The S3 bucket policy and the Lambda permission for CloudFront live in the root module. This is intentional: both need values from two different modules (s3/cloudfront and lambda/cloudfront respectively), and putting them in either child module would create a circular dependency. Wiring them at the root lets Terraform resolve the dependency order in a single apply.

State locking uses Terraform 1.10’s native S3 locking (use_lockfile = true). No DynamoDB table required.

Deployment pipeline

Every production deploy is triggered by a semver tag:

git tag v1.0.0 && git push origin v1.0.0

The workflow runs three jobs. prepare extracts the version and detects which paths changed. deploy-frontend and deploy-lambda run in parallel and only execute if their respective paths changed since the previous tag.

deploy-lambda builds the TypeScript source, prunes devDependencies, zips dist/ and node_modules/, uploads the zip to Lambda, waits for propagation, publishes an immutable version snapshot, and points the live alias at it.
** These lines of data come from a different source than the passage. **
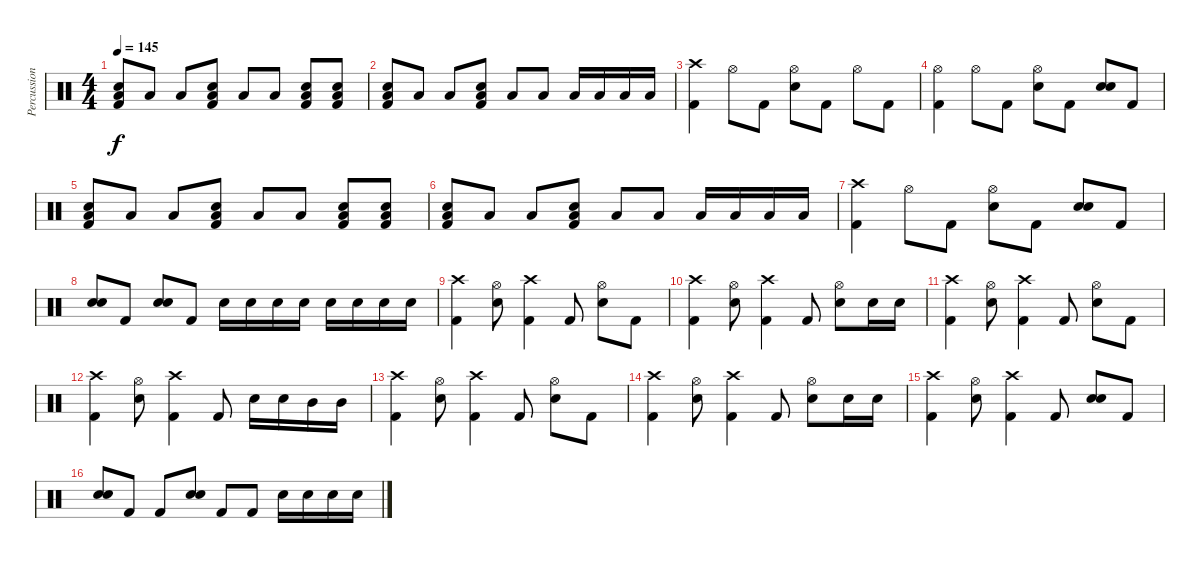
\track ("Percussion" "Percussion") {instrument percussion}
\staff {score}
\articulation defaults
\ts (4 4)
\tempo 145
\clef neutral
\ks c
("Low Floor Tom (hit)" "Snare (hit) 2" "Kick (hit) 2").8{dy f} "Low Floor Tom (hit)".8 "Low Floor Tom (hit)".8 ("Low Floor Tom (hit)" "Snare (hit) 2" "Kick (hit) 2").8 "Low Floor Tom (hit)".8 "Low Floor Tom (hit)".8 ("Low Floor Tom (hit)" "Snare (hit) 2" "Kick (hit) 2").8 ("Low Floor Tom (hit)" "Snare (hit) 2" "Kick (hit) 2").8 |
("Low Floor Tom (hit)" "Snare (hit) 2" "Kick (hit) 2").8 "Low Floor Tom (hit)".8 "Low Floor Tom (hit)".8 ("Low Floor Tom (hit)" "Snare (hit) 2" "Kick (hit) 2").8 "Low Floor Tom (hit)".8 "Low Floor Tom (hit)".8 "Low Tom (hit)".16 "Low Tom (hit)".16 "Low Tom (hit)".16 "Low Tom (hit)".16 |
("Crash high (hit)" "Kick (hit) 2").4 "Hi-Hat (open)".8 "Kick (hit) 2".8 ("Hi-Hat (open)" "Snare (hit) 2").8 "Kick (hit) 2".8 "Hi-Hat (open)".8 "Kick (hit) 2".8 |
("Hi-Hat (open)" "Kick (hit) 2").4 "Hi-Hat (open)".8 "Kick (hit) 2".8 ("Hi-Hat (open)" "Snare (hit) 2").8 "Kick (hit) 2".8 ("Snare (hit) 2" "Snare (hit) 2").8{bd 240} "Kick (hit) 2".8 |
("Low Floor Tom (hit)" "Snare (hit) 2" "Kick (hit) 2").8 "Low Floor Tom (hit)".8 "Low Floor Tom (hit)".8 ("Low Floor Tom (hit)" "Snare (hit) 2" "Kick (hit) 2").8 "Low Floor Tom (hit)".8 "Low Floor Tom (hit)".8 ("Low Floor Tom (hit)" "Snare (hit) 2" "Kick (hit) 2").8 ("Low Floor Tom (hit)" "Snare (hit) 2" "Kick (hit) 2").8 |
("Low Floor Tom (hit)" "Snare (hit) 2" "Kick (hit) 2").8 "Low Floor Tom (hit)".8 "Low Floor Tom (hit)".8 ("Low Floor Tom (hit)" "Snare (hit) 2" "Kick (hit) 2").8 "Low Floor Tom (hit)".8 "Low Floor Tom (hit)".8 "Low Tom (hit)".16 "Low Tom (hit)".16 "Low Tom (hit)".16 "Low Tom (hit)".16 |
("Crash high (hit)" "Kick (hit) 2").4 "Hi-Hat (open)".8 "Kick (hit) 2".8 ("Hi-Hat (open)" "Snare (hit) 2").8 "Kick (hit) 2".8 ("Snare (hit) 2" "Snare (hit) 2").8{bd 240} "Kick (hit) 2".8 |
("Snare (hit) 2" "Snare (hit) 2").8{bd 240} "Kick (hit) 2".8 ("Snare (hit) 2" "Snare (hit) 2").8{bd 240} "Kick (hit) 2".8 "Snare (hit) 2".16 "Snare (hit) 2".16 "Snare (hit) 2".16 "Snare (hit) 2".16 "Snare (hit) 2".16 "Snare (hit) 2".16 "Snare (hit) 2".16 "Snare (hit) 2".16 |
("Crash high (hit)" "Kick (hit) 2").4 ("Hi-Hat (open)" "Snare (hit) 2").8 ("Crash high (hit)" "Kick (hit) 2").4 "Kick (hit) 2".8 ("Hi-Hat (open)" "Snare (hit) 2").8 "Kick (hit) 2".8 |
("Crash high (hit)" "Kick (hit) 2").4 ("Hi-Hat (open)" "Snare (hit) 2").8 ("Crash high (hit)" "Kick (hit) 2").4 "Kick (hit) 2".8 ("Hi-Hat (open)" "Snare (hit) 2").8 "Snare (hit) 2".16 "Snare (hit) 2".16 |
("Crash high (hit)" "Kick (hit) 2").4 ("Hi-Hat (open)" "Snare (hit) 2").8 ("Crash high (hit)" "Kick (hit) 2").4 "Kick (hit) 2".8 ("Hi-Hat (open)" "Snare (hit) 2").8 "Kick (hit) 2".8 |
("Crash high (hit)" "Kick (hit) 2").4 ("Hi-Hat (open)" "Snare (hit) 2").8 ("Crash high (hit)" "Kick (hit) 2").4 "Kick (hit) 2".8 "Snare (hit) 2".16 "Snare (hit) 2".16 "Mid Tom (hit)".16 "Mid Tom (hit)".16 |
("Crash high (hit)" "Kick (hit) 2").4 ("Hi-Hat (open)" "Snare (hit) 2").8 ("Crash high (hit)" "Kick (hit) 2").4 "Kick (hit) 2".8 ("Hi-Hat (open)" "Snare (hit) 2").8 "Kick (hit) 2".8 |
("Crash high (hit)" "Kick (hit) 2").4 ("Hi-Hat (open)" "Snare (hit) 2").8 ("Crash high (hit)" "Kick (hit) 2").4 "Kick (hit) 2".8 ("Hi-Hat (open)" "Snare (hit) 2").8 "Snare (hit) 2".16 "Snare (hit) 2".16 |
("Crash high (hit)" "Kick (hit) 2").4 ("Hi-Hat (open)" "Snare (hit) 2").8 ("Crash high (hit)" "Kick (hit) 2").4 "Kick (hit) 2".8 ("Snare (hit) 2" "Snare (hit) 2").8{bd 240} "Kick (hit) 2".8 |
("Snare (hit) 2" "Snare (hit) 2").8{bd 240} "Kick (hit) 2".8 "Kick (hit) 2".8 ("Snare (hit) 2" "Snare (hit) 2").8{bd 240} "Kick (hit) 2".8 "Kick (hit) 2".8 "Snare (hit) 2".16 "Snare (hit) 2".16 "Snare (hit) 2".16 "Snare (hit) 2".16

Every Lambda version is immutable — rolling back is a single AWS CLI call:

aws lambda update-alias \
  --function-name streamline-prod \
  --name live \
  --function-version PREVIOUS_VERSION_NUMBER

GitHub Actions authenticates to AWS via OIDC. There are no long-lived AWS credentials stored as secrets.

Getting started

git clone https://github.com/mguarinos/streamline.git
cd streamline
./scripts/bootstrap.sh          # creates state bucket, OIDC provider, deploy role
cd terraform
terraform init -backend-config=backend.hcl
terraform apply
terraform output                # note the ingest endpoint and stream key command

Full setup instructions are in the README.